What is Mindfulness
February 5, 2015
Over the weekend while at a course, I head the term ‘mindfulness for physiotherapy’. The last few weeks we have also been speaking about Zen.Ga and the term I kept coming back to was MINDFULNESS.
The dictionary defines mindfulness as:
1. the quality or state of being conscious or aware of something.2. a mental state achieved by focusing one’s awareness on the present moment, while calmly acknowledging and accepting one’s feelings, thoughts, and bodily sensations, used as a therapeutic technique.
Studies have shown that practicing mindfulness, even for just a few weeks, can bring a variety of physical, psychological, and social benefits.
- Mindfulness is good for our bodies: A seminal study found that, after just eight weeks of training, practicing mindfulness meditation boosts our immune system’s ability to fight off illness.
- Mindfulness is good for our minds: Several studies have found that mindfulness increases positive emotions while reducing negative emotions and stress. Indeed, at least one study suggests it may be as good as antidepressants in fighting depression and preventing relapse.

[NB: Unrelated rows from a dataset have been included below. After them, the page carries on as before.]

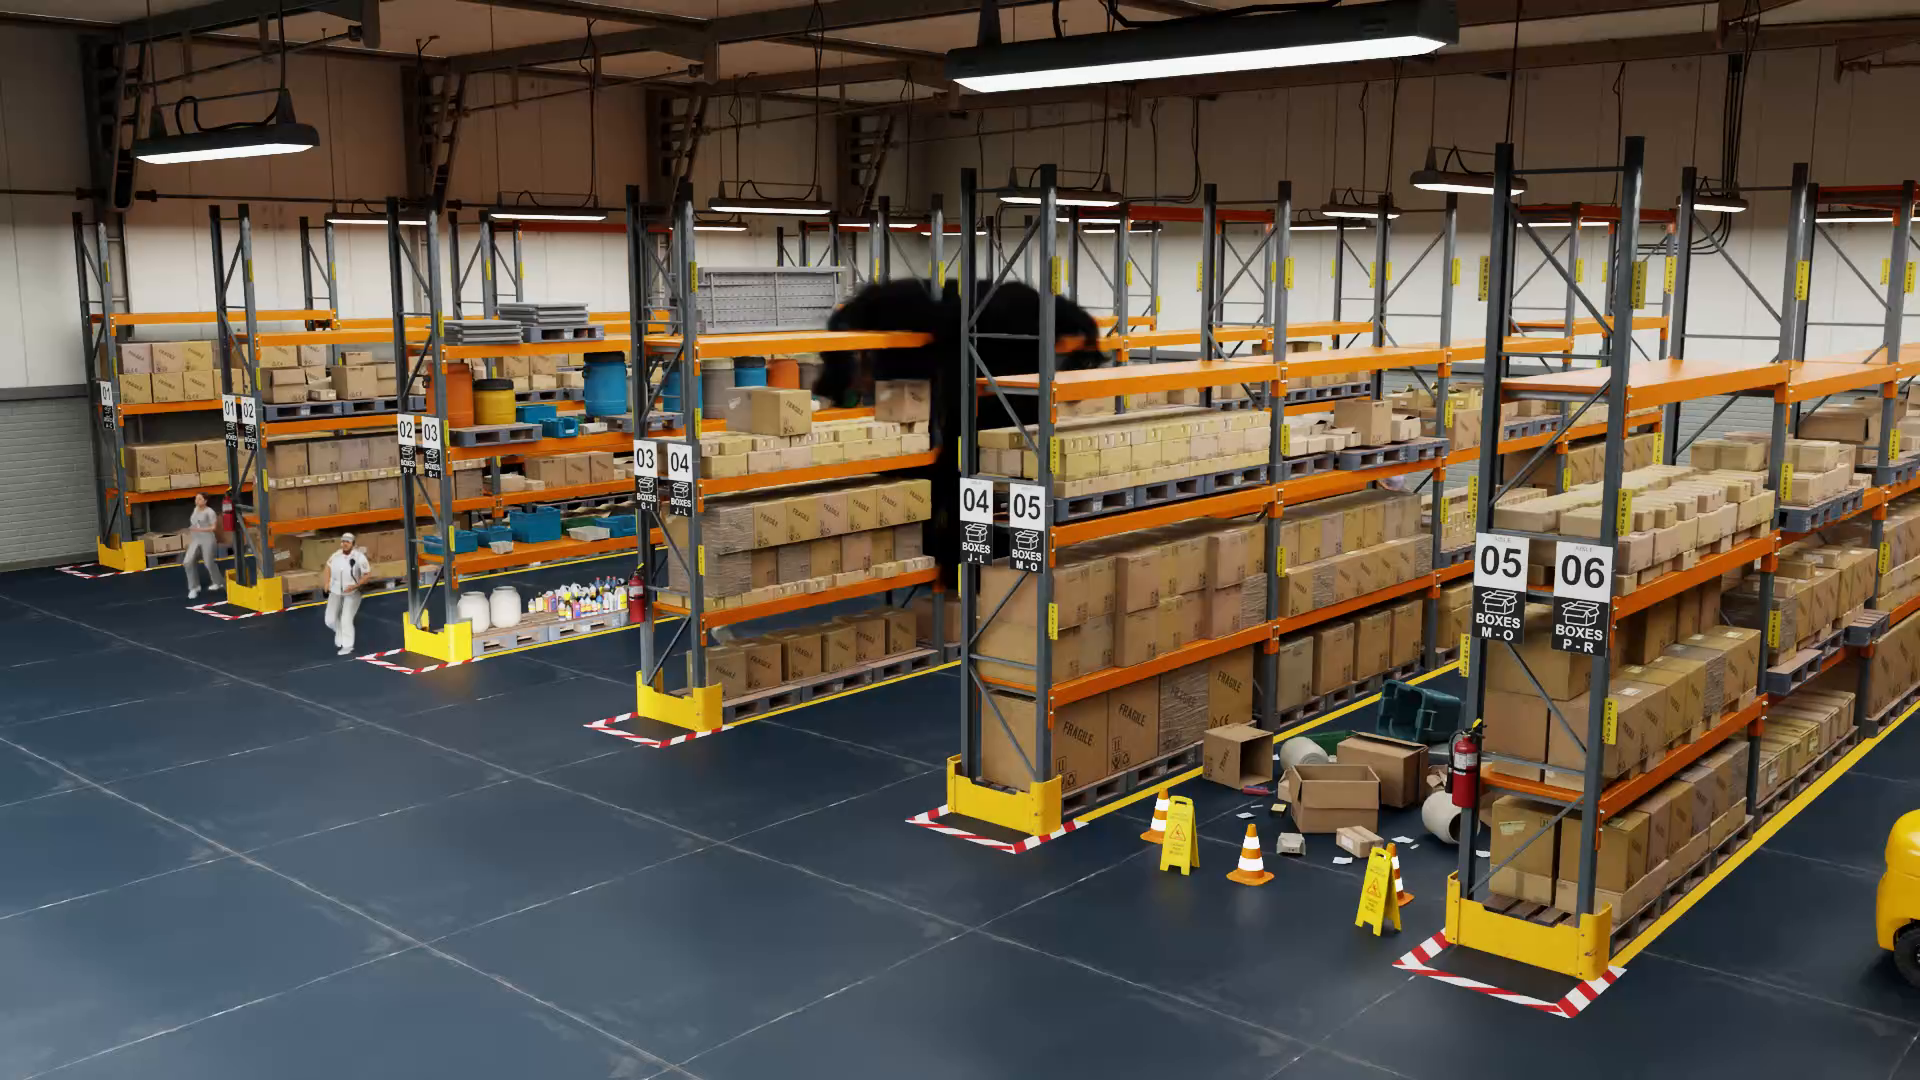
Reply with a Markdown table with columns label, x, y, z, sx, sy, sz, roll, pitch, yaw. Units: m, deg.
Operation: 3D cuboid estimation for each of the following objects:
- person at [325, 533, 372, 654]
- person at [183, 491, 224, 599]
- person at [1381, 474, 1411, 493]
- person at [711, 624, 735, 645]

- Mindfulness changes our brains: Research has found that it increases density of gray matter in brain regions linked to learning, memory, emotion regulation, and empathy.

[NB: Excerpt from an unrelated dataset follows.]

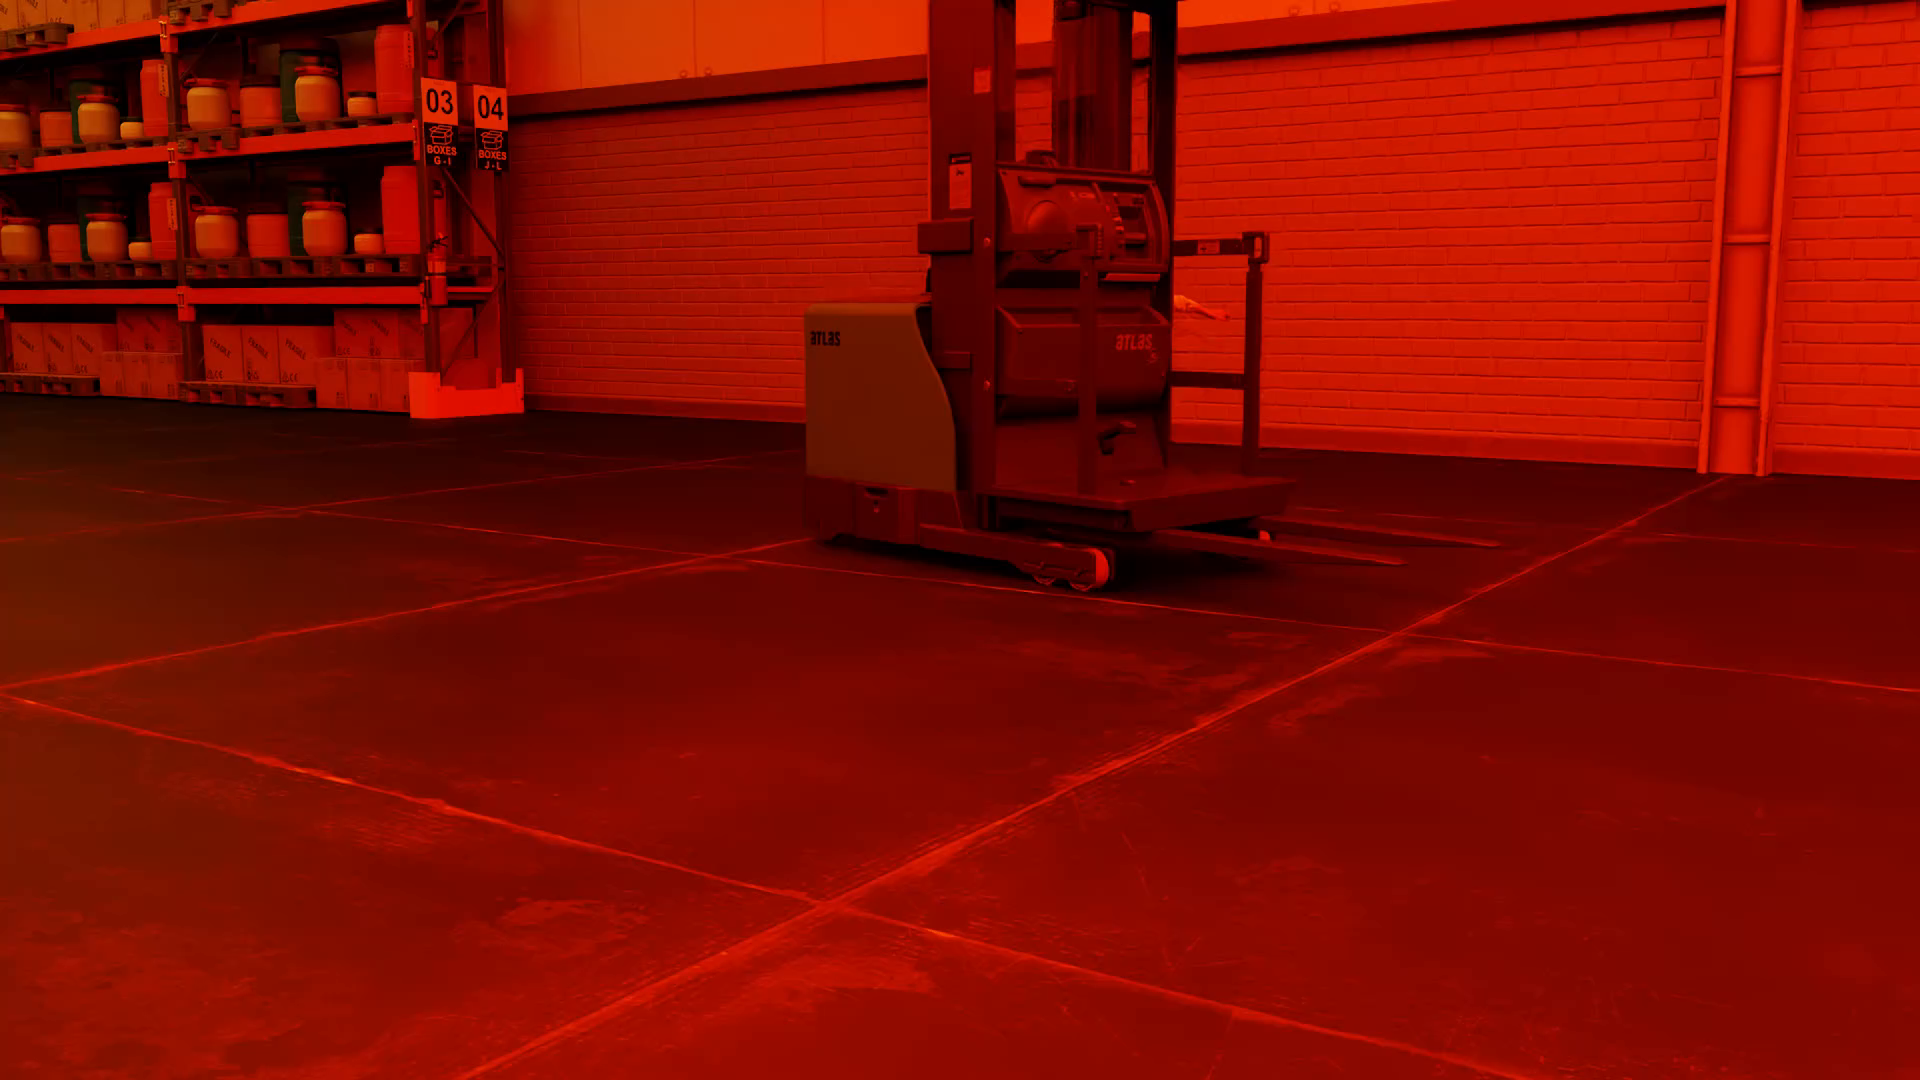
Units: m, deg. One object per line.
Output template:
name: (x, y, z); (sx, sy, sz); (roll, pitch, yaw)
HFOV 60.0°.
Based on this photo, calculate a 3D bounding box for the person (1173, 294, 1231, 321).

- Mindfulness helps us focus: Studies suggest that mindfulness helps us tune out distractions and improves our memory and attention skills. Mindfulness fosters compassion and altruism: Research suggests mindfulness training makes us more likely to help someone in need and increases activity in neural networks involved in understanding the suffering of others and regulating emotions. Evidence suggests it might boost self-compassion as well.
- Mindfulness enhances relationships: Research suggests mindfulness training makes couples more satisfied with their relationship, makes each partner feel more optimistic and relaxed, and makes them feel more accepting of and closer to one another.
- Mindfulness is good for parents and parents-to-be: Studies suggest it may reduce pregnancy-related anxiety, stress, and depression in expectant parents. Parents who practice mindfulness report being happier with their parenting skills and their relationship with their kids, and their kids were found to have better social skills.
- Mindfulness helps schools: There’s scientific evidence that teaching mindfulness in the classroom reduces behavior problems and aggression among students, and improves their happiness levels and ability to pay attention. Teachers trained in mindfulness also show lower blood pressure, less negative emotion and symptoms of depression, and greater compassion and empathy.
- Mindfulness helps health care professionals cope with stress, connect with their patients, and improve their general quality of life. It also helps mental health professionals by reducing negative emotions and anxiety, and increasing their positive emotions and feelings of self-compassion.
- Mindfulness helps prisons: Evidence suggests mindfulness reduces anger, hostility, and mood disturbances among prisoners by increasing their awareness of their thoughts and emotions, helping with their rehabilitation and reintegration.
- Mindfulness helps veterans: Studies suggest it can reduce the symptoms of Post Traumatic Stress Disorder (PTSD) in the aftermath of war.
- Mindfulness fights obesity: Practicing “mindful eating” encourages healthier eating habits, helps people lose weight, and helps them savor the food they do eat.
Mindfulness is an amazing tool. It is not limited to an exercise studio, religious setting, healthcare institutions or schools. You can practise mindfulness as easily as noticing your breath. WHERE are you breathing into? WHICH muscles are you using? HOW fast are you breathing? Try it and you may be surprise at what you find.